Escolhida para morar por um tempo na casa de seu padrinho, a pequena Damiana certamente recebeu ali instruções culturais e religiosas de acordo com a sociedade colonial. Nada é dito sobre a razão da preferência por Damiana em detrimento de Manoel. Talvez tenha sido pelo fato de a menina ser mais nova, portanto, mais “maleável” para receber uma educação não indígena. Deixando a casa de seu padrinho, provavelmente quando ele saiu do cargo, Damiana cresceu no aldeamento de São José de Mossâmedes, onde se casou sucessivamente com dois militares não indígenas. Não foram encontradas quaisquer referências a filhos nascidos destes casamentos. 

A posição ocupada por Damiana, enquanto neta de cacique e afilhada do governador, lhe permitiu exercer um papel diferente do esperado do gênero feminino naquela sociedade, associado às atividades domésticas, ao domínio privado e à subordinação social.

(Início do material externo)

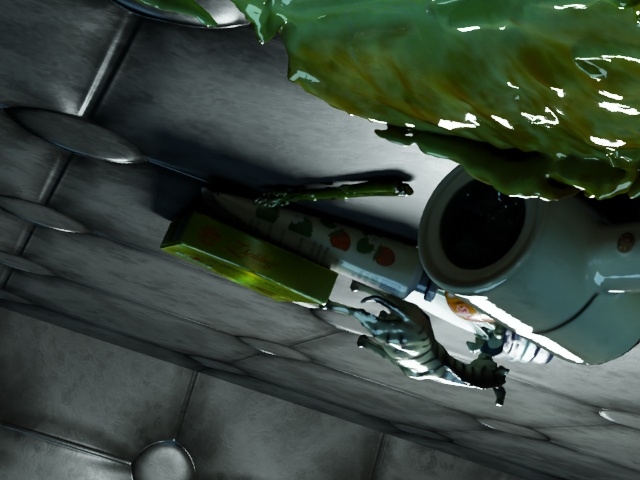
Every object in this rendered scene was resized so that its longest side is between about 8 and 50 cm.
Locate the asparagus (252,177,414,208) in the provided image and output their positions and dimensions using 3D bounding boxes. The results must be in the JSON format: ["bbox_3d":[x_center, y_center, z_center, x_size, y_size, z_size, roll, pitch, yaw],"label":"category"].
[{"bbox_3d":[0.007,-0.046,1.329,0.023,0.022,0.232,-29,-164,-36],"label":"asparagus"}]

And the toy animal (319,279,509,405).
[{"bbox_3d":[0.112,0.115,1.525,0.176,0.073,0.217,19,165,33],"label":"toy animal"}]

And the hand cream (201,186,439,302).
[{"bbox_3d":[0.000,0.000,1.465,0.276,0.059,0.095,21,169,1],"label":"hand cream"}]

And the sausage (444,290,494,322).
[{"bbox_3d":[0.192,0.048,1.376,0.071,0.071,0.234,21,165,-20],"label":"sausage"}]

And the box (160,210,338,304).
[{"bbox_3d":[-0.092,0.022,1.563,0.173,0.043,0.311,24,174,-9],"label":"box"}]

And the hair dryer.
[{"bbox_3d":[0.276,0.009,1.058,0.362,0.128,0.203,-6,154,41],"label":"hair dryer"}]

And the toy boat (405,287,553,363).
[{"bbox_3d":[0.138,0.077,1.591,0.291,0.067,0.220,18,168,5],"label":"toy boat"}]

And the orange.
[{"bbox_3d":[0.035,-0.147,0.515,0.334,0.196,0.262,21,152,-35],"label":"orange"}]
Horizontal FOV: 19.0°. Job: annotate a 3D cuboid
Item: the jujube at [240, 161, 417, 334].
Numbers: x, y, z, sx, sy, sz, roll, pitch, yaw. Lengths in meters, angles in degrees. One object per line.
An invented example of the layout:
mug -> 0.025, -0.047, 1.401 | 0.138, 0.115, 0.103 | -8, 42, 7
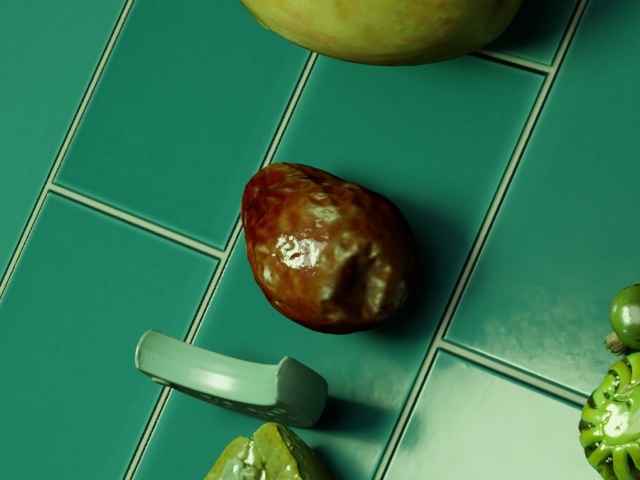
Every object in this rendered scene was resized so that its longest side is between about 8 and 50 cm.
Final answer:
jujube -> 0.000, 0.000, 2.161 | 0.190, 0.190, 0.255 | -50, 41, 9

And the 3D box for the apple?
apple -> 0.078, -0.373, 2.119 | 0.346, 0.391, 0.391 | 28, 90, 13

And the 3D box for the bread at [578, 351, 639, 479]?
bread -> 0.323, 0.182, 1.939 | 0.139, 0.071, 0.130 | -37, 60, 18

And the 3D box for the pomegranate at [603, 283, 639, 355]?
pomegranate -> 0.328, 0.087, 1.971 | 0.073, 0.073, 0.084 | 29, 100, 38

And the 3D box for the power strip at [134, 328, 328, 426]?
power strip -> -0.097, 0.160, 2.172 | 0.253, 0.167, 0.054 | 7, 70, 38

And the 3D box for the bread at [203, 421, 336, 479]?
bread -> -0.055, 0.333, 2.109 | 0.186, 0.124, 0.257 | -28, 58, 24

Ela atuou ativamente na incorporação de indígenas aos aldeamentos. Ocorridas entre 1808 e 1831, as expedições por ela comandadas consistiam em se deslocar para a área dos rios Araguaia e Camapuã e convencer seus pares não aldeados a segui-la. Obtendo considerável sucesso, a cada ida Damiana retornava com dezenas de caiapós, adquirindo o respeito das autoridades de Goiás. Em 1831, a líder retornou doente, vindo a falecer no mesmo ano. 

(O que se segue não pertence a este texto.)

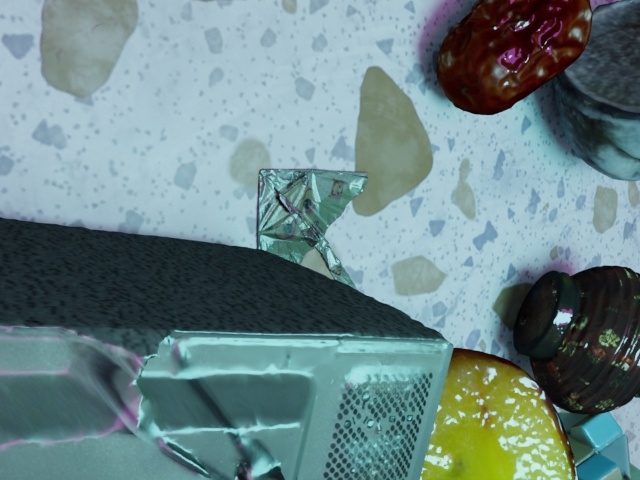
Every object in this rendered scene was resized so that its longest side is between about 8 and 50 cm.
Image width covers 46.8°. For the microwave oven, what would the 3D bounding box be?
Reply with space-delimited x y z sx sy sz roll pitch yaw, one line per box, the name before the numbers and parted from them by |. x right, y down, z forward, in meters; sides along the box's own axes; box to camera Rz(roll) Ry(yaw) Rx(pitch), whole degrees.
microwave oven | -0.161 0.137 0.603 0.431 0.374 0.237 7 100 -38

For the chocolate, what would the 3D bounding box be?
chocolate | 0.503 -0.207 1.131 0.303 0.303 0.213 -43 142 -23

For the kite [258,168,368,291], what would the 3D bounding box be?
kite | -0.001 0.000 0.937 0.229 0.012 0.250 -48 123 -19

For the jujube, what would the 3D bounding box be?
jujube | 0.260 -0.267 0.999 0.230 0.155 0.155 -44 120 -21

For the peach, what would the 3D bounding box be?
peach | 0.186 0.302 0.920 0.280 0.338 0.281 -6 123 -10

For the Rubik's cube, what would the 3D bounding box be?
Rubik's cube | 0.424 0.404 1.181 0.212 0.224 0.265 -27 113 -19

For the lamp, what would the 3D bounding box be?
lamp | 0.428 0.154 1.143 0.246 0.247 0.247 -7 102 -35

Como vemos, Damiana não era exatamente uma rebelde, apesar de sua trajetória contrariar as expectativas – do passado e mesmo do presente – acerca de que papéis cabiam a uma mulher, sobretudo uma mulher indígena. Além disso, sua história enseja mais algumas palavras sobre seu irmão Manoel, muito mais marcado por atos de, digamos, rebeldia. 

Após a morte de Damiana, as condições do aldeamento de São José de Mossâmedes decaíram muito, acelerando o processo de esvaziamento do local. Nesse contexto, Manoel deixou de agir conforme o esperado pelas autoridades brancas. Até então, ele ocupava o cargo de diretor de Mossâmedes: administrava recursos, intervinha nos casos de fuga e aplicava penalidades. Mas, em 1833, Manoel foi preso, sob acusação de incitar os indígenas à fuga. 

Em certa carta, o presidente da então província de Goiás, José Rodrigues Jardim, afirmava ter descoberto que os índios se preparavam para fugir, “seduzidos por Manuel da Cunha”. Ao falar com Manoel, Jardim ficou convencido de que ele não apenas passara a incentivar fugas, como planejava fugir e o prendeu. Criado na convivência com os colonos, o irmão de Damiana cooperou com eles por muito tempo, mas, a certa altura da sua vida, considerou que tal cooperação não valia mais a pena. 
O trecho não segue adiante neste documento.